(Beginning of Available data)

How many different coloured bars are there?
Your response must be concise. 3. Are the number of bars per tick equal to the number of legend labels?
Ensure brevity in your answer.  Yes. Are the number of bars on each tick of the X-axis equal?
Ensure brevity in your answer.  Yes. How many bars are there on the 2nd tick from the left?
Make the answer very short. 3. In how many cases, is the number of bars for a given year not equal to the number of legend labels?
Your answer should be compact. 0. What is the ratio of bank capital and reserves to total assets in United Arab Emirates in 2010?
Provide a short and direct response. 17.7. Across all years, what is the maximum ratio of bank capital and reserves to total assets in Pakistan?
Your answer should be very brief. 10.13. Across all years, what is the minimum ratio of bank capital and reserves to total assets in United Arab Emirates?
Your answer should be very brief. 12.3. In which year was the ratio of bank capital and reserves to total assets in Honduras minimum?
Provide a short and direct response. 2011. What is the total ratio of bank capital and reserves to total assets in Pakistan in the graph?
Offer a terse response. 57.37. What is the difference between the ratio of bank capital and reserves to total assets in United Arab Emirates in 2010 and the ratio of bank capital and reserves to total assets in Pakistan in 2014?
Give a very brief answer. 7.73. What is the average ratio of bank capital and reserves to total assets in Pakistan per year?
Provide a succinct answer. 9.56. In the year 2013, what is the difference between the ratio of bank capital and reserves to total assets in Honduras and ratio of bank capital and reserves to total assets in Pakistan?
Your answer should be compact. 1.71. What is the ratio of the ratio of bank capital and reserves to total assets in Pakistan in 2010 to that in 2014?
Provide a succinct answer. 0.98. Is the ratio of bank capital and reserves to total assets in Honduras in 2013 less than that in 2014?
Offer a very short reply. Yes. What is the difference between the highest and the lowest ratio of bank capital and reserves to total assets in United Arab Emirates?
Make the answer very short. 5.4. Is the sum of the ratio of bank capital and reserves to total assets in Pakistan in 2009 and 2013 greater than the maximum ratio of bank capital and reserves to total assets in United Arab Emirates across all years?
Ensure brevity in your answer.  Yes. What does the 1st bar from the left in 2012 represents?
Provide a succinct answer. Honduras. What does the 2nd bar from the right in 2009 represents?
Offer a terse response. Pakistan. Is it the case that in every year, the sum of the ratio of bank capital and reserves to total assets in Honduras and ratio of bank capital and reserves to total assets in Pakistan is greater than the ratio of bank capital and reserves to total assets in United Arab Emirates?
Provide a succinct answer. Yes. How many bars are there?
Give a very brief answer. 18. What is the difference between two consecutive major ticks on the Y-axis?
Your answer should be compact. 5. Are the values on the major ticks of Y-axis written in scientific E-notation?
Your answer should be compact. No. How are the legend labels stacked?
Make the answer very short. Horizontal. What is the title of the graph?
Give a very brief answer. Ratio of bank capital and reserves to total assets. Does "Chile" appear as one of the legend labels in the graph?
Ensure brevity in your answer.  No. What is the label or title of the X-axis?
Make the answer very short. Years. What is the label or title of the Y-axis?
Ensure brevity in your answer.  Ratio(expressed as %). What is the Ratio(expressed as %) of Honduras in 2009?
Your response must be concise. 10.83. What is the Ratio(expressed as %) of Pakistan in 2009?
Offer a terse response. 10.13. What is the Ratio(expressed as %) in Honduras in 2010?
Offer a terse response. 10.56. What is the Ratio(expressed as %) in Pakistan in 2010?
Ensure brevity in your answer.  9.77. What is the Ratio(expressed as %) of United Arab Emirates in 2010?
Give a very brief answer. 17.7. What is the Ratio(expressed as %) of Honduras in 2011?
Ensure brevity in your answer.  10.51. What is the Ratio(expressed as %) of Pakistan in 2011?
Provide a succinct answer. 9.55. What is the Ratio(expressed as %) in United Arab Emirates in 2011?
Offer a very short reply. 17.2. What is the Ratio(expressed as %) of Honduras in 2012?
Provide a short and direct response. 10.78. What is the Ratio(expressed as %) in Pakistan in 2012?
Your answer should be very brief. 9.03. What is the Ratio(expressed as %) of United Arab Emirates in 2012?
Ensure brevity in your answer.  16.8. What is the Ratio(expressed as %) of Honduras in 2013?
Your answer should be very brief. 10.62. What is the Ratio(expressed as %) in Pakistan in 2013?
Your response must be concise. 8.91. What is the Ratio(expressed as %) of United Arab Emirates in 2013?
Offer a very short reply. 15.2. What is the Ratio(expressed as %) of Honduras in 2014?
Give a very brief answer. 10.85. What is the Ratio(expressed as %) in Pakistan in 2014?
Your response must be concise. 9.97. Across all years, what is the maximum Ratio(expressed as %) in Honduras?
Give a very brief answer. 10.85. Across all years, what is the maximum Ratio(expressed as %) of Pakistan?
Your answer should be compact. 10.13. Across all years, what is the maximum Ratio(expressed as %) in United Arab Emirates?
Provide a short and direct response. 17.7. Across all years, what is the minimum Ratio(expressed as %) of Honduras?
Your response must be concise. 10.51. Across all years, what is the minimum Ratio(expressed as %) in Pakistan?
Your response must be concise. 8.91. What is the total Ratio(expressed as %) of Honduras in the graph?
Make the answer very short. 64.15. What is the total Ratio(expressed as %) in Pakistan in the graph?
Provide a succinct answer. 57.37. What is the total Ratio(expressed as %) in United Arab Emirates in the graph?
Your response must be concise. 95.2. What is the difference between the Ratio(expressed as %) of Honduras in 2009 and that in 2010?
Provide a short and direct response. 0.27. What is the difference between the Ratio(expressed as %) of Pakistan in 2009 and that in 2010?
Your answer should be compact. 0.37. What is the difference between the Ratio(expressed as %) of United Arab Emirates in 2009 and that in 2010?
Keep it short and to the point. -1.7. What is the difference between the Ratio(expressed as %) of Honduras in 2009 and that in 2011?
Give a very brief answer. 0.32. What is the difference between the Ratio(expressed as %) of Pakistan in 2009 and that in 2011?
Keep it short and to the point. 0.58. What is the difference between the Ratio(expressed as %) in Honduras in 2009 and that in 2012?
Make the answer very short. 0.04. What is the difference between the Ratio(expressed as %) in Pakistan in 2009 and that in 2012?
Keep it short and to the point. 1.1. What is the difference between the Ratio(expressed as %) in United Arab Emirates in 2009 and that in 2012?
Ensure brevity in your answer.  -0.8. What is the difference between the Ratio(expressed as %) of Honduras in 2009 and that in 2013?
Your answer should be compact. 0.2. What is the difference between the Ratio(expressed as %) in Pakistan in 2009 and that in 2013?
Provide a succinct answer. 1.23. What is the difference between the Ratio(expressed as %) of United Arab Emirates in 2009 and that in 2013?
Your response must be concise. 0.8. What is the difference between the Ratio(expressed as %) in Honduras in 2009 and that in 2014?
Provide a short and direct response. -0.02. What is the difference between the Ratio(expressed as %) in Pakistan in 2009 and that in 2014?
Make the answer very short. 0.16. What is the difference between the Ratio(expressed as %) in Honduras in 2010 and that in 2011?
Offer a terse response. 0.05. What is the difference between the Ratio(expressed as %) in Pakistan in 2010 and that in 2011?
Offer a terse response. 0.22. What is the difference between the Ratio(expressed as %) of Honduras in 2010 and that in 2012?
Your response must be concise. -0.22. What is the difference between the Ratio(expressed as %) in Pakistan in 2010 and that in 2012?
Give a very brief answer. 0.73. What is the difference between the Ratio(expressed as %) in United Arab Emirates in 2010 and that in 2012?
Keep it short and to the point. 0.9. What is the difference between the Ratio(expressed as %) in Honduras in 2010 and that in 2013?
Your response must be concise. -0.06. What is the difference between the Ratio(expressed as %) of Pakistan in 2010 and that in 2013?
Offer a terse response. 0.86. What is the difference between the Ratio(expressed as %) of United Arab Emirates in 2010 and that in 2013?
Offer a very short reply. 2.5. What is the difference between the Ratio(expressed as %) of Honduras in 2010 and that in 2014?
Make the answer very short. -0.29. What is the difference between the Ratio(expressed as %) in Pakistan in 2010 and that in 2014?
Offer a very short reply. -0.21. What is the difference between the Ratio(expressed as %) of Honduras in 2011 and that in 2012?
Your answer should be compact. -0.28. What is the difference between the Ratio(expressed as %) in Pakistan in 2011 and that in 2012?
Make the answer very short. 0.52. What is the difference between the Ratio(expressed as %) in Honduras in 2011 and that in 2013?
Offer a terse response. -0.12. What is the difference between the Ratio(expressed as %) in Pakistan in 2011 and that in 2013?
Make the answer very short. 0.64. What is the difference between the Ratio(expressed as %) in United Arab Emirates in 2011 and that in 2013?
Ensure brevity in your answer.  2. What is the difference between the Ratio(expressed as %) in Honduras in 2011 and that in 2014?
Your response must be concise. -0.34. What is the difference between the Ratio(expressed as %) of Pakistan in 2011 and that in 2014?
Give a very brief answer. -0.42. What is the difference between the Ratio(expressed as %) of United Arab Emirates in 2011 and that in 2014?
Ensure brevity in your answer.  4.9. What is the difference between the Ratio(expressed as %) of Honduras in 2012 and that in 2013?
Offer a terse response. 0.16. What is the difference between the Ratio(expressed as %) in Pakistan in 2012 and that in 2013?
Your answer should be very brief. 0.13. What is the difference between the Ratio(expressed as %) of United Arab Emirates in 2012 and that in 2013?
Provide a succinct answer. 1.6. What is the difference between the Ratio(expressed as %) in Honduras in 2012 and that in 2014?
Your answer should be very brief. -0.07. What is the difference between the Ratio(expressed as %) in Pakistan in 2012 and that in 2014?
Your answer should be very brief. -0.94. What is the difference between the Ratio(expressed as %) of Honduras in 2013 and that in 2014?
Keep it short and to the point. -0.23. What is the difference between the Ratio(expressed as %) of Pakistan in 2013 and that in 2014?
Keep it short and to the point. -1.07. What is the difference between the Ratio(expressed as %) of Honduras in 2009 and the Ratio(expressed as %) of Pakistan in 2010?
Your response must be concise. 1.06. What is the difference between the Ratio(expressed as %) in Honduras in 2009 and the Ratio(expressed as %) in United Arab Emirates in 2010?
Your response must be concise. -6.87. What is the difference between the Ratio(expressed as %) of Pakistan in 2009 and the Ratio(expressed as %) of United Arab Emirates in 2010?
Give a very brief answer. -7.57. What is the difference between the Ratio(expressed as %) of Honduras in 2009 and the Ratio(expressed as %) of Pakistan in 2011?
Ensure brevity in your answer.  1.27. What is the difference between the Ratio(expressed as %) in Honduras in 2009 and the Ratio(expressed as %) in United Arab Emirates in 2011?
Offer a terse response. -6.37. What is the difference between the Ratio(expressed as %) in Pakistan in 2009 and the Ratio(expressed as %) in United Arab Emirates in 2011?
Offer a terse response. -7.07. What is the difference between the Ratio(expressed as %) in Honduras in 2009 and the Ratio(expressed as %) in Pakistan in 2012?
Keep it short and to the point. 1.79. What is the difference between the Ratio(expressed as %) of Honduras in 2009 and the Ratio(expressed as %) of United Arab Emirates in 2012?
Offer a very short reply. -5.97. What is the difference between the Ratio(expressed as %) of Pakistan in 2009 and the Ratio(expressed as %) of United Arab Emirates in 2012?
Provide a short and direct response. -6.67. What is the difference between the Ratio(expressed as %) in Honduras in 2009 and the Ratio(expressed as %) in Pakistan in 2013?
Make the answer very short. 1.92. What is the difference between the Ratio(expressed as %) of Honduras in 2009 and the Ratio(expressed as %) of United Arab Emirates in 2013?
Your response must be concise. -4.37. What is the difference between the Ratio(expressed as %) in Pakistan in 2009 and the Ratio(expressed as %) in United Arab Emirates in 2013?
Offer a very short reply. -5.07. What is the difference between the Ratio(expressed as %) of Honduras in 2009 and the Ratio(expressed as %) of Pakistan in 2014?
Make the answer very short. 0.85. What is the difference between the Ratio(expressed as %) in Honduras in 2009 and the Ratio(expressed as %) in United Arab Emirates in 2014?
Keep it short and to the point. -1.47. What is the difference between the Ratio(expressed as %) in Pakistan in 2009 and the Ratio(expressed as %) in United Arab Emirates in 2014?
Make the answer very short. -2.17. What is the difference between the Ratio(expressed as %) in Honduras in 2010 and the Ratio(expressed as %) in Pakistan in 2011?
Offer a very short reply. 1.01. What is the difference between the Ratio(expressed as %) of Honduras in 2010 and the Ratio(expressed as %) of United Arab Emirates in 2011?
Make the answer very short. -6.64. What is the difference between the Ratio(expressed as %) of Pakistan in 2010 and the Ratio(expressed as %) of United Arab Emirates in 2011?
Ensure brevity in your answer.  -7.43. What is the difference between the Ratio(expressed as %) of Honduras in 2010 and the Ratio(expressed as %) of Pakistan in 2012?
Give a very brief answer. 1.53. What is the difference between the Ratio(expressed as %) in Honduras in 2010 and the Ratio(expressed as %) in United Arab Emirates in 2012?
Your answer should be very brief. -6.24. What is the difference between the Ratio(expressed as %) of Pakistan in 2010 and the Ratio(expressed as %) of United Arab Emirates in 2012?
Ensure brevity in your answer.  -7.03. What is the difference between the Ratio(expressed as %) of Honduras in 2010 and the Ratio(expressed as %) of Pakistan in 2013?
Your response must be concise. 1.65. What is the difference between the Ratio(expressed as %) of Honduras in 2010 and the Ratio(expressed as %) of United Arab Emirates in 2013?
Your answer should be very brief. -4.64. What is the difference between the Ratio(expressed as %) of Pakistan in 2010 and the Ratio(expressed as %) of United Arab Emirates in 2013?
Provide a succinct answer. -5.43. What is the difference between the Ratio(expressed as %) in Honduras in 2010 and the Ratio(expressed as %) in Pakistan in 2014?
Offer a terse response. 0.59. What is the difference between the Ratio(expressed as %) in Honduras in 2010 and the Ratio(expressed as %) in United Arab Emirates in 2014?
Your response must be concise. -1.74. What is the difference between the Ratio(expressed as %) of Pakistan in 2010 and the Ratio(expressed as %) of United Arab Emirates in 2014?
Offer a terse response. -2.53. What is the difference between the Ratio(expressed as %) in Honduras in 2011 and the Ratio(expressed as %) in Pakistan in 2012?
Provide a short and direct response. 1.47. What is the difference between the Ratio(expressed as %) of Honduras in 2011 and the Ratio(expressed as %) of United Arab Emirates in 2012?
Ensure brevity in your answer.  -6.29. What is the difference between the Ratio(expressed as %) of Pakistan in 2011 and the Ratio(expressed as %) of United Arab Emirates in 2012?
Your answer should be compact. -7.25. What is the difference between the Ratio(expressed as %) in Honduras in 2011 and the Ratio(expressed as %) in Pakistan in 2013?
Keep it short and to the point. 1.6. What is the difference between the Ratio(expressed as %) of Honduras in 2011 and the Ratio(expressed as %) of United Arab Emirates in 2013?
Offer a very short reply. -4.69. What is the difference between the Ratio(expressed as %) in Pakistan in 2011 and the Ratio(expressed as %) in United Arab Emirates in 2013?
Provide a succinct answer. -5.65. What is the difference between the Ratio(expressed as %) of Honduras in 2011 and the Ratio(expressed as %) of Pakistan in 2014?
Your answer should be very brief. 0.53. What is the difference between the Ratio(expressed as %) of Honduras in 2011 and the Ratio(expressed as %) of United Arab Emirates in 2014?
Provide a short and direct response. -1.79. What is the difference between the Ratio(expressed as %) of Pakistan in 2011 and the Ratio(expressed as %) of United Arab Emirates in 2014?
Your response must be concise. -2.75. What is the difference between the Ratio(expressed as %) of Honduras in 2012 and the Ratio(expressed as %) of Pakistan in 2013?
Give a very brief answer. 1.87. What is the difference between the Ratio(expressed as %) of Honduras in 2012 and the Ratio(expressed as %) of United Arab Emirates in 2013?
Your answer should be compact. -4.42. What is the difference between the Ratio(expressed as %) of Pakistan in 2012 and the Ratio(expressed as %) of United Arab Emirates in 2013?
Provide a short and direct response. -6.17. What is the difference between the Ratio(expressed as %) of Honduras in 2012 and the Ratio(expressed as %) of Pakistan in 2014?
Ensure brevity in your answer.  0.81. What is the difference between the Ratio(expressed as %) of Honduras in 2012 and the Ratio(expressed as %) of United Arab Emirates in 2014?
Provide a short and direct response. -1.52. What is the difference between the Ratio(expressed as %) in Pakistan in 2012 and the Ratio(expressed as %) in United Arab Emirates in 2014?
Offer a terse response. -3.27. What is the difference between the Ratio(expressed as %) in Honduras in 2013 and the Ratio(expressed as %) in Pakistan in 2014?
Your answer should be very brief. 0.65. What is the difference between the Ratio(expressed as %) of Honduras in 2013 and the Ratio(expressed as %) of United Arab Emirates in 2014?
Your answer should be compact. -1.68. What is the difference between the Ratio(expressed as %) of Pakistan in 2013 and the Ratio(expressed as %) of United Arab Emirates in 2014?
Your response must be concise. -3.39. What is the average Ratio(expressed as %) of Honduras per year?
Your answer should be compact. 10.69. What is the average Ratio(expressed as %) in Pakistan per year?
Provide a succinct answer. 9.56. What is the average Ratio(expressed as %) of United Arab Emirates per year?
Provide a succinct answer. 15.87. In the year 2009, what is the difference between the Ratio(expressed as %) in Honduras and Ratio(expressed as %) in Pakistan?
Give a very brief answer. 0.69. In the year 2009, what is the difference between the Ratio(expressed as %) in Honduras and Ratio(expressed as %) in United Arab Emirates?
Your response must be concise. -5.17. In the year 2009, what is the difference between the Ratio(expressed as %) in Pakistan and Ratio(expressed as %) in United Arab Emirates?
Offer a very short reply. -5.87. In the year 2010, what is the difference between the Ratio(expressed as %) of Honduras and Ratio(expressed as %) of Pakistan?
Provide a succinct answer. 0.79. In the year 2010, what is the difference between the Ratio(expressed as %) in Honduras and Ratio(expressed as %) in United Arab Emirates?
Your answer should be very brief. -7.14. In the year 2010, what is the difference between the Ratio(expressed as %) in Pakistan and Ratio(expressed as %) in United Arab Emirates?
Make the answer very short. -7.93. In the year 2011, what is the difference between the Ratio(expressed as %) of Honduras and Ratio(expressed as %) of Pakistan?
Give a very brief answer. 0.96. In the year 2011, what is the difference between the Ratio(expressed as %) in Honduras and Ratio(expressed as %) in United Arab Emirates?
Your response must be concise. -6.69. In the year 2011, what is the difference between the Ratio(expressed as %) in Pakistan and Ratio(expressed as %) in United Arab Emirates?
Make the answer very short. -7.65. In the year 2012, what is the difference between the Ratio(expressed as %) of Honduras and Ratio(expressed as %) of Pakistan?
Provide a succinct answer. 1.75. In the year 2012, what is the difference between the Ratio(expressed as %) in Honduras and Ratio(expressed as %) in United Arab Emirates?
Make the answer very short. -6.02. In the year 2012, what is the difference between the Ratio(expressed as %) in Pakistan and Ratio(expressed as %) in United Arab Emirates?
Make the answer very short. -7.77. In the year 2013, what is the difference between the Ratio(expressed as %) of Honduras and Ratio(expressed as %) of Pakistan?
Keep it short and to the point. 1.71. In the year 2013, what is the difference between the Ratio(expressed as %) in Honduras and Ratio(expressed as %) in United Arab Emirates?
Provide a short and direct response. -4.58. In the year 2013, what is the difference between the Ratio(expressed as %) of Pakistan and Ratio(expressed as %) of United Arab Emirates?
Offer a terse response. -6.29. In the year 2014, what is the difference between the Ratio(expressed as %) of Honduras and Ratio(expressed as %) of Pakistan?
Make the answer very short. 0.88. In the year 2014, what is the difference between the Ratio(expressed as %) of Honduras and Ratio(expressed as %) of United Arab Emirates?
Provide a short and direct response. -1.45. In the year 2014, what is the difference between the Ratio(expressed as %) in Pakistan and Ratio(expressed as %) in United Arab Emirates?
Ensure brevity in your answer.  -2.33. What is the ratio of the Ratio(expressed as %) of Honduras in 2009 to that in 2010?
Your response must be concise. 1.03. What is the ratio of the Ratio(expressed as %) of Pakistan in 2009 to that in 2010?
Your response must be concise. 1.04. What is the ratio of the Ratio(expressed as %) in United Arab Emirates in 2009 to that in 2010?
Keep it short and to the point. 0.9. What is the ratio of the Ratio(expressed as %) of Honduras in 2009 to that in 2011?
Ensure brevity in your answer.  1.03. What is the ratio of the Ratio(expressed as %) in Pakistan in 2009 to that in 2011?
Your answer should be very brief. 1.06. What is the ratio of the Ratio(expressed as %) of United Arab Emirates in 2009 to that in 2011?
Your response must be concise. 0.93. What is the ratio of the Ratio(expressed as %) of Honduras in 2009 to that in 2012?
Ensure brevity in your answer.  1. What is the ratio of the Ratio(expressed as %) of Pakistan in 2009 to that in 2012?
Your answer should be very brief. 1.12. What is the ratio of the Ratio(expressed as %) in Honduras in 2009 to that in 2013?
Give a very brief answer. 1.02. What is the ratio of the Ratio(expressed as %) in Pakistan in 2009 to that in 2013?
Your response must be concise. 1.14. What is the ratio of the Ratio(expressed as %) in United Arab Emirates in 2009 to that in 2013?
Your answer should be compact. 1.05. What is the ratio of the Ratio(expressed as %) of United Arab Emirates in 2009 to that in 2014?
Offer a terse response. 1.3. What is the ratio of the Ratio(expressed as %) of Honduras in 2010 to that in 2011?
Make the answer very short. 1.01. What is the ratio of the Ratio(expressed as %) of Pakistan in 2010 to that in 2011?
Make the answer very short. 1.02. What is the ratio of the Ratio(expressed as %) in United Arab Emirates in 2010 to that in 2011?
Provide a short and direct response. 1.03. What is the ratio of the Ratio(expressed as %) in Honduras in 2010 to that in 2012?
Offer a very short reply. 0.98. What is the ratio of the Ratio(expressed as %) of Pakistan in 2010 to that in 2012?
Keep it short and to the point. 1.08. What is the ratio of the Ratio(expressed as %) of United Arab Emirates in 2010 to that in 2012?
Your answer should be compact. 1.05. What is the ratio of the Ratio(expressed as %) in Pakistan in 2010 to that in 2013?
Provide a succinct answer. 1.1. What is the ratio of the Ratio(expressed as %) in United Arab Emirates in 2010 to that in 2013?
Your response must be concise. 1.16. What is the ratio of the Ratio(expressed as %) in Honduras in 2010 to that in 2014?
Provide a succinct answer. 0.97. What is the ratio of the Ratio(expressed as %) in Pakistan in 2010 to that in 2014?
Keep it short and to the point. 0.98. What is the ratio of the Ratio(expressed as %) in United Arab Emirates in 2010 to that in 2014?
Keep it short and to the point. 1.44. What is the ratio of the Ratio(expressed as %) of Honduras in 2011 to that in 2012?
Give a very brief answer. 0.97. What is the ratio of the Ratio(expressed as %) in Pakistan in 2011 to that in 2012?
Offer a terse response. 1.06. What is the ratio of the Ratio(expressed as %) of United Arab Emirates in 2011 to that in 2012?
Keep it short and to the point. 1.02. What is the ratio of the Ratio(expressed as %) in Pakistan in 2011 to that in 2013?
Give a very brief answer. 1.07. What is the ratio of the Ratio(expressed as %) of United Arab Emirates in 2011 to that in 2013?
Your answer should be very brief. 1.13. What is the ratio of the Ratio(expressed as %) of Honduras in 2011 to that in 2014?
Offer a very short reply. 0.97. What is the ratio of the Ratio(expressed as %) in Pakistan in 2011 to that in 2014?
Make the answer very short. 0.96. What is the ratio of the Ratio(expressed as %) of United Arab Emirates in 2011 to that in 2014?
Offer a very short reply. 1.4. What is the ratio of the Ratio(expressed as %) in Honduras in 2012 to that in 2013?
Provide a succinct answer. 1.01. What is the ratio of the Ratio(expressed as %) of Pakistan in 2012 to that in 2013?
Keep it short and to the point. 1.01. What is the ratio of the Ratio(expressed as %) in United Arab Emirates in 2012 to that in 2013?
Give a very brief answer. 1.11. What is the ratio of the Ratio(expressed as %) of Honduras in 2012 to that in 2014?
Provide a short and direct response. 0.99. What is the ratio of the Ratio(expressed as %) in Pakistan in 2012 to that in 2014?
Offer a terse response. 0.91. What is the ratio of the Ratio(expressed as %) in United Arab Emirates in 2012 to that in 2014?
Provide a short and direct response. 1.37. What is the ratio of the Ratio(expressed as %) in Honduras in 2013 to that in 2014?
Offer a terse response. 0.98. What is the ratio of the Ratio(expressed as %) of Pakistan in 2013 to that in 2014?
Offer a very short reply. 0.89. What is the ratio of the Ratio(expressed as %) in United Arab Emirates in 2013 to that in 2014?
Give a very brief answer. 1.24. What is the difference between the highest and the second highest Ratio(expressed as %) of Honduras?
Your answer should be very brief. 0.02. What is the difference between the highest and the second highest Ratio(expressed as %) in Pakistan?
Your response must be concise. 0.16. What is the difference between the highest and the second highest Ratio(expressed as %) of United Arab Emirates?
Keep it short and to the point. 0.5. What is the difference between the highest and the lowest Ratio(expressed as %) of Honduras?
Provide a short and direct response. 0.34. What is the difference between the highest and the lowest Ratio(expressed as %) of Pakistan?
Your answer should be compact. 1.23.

(End of Available data)

Exercise prompt
Across the records above, how many lines does the word "from" appear on? Reply with the number only.

Exercise response
3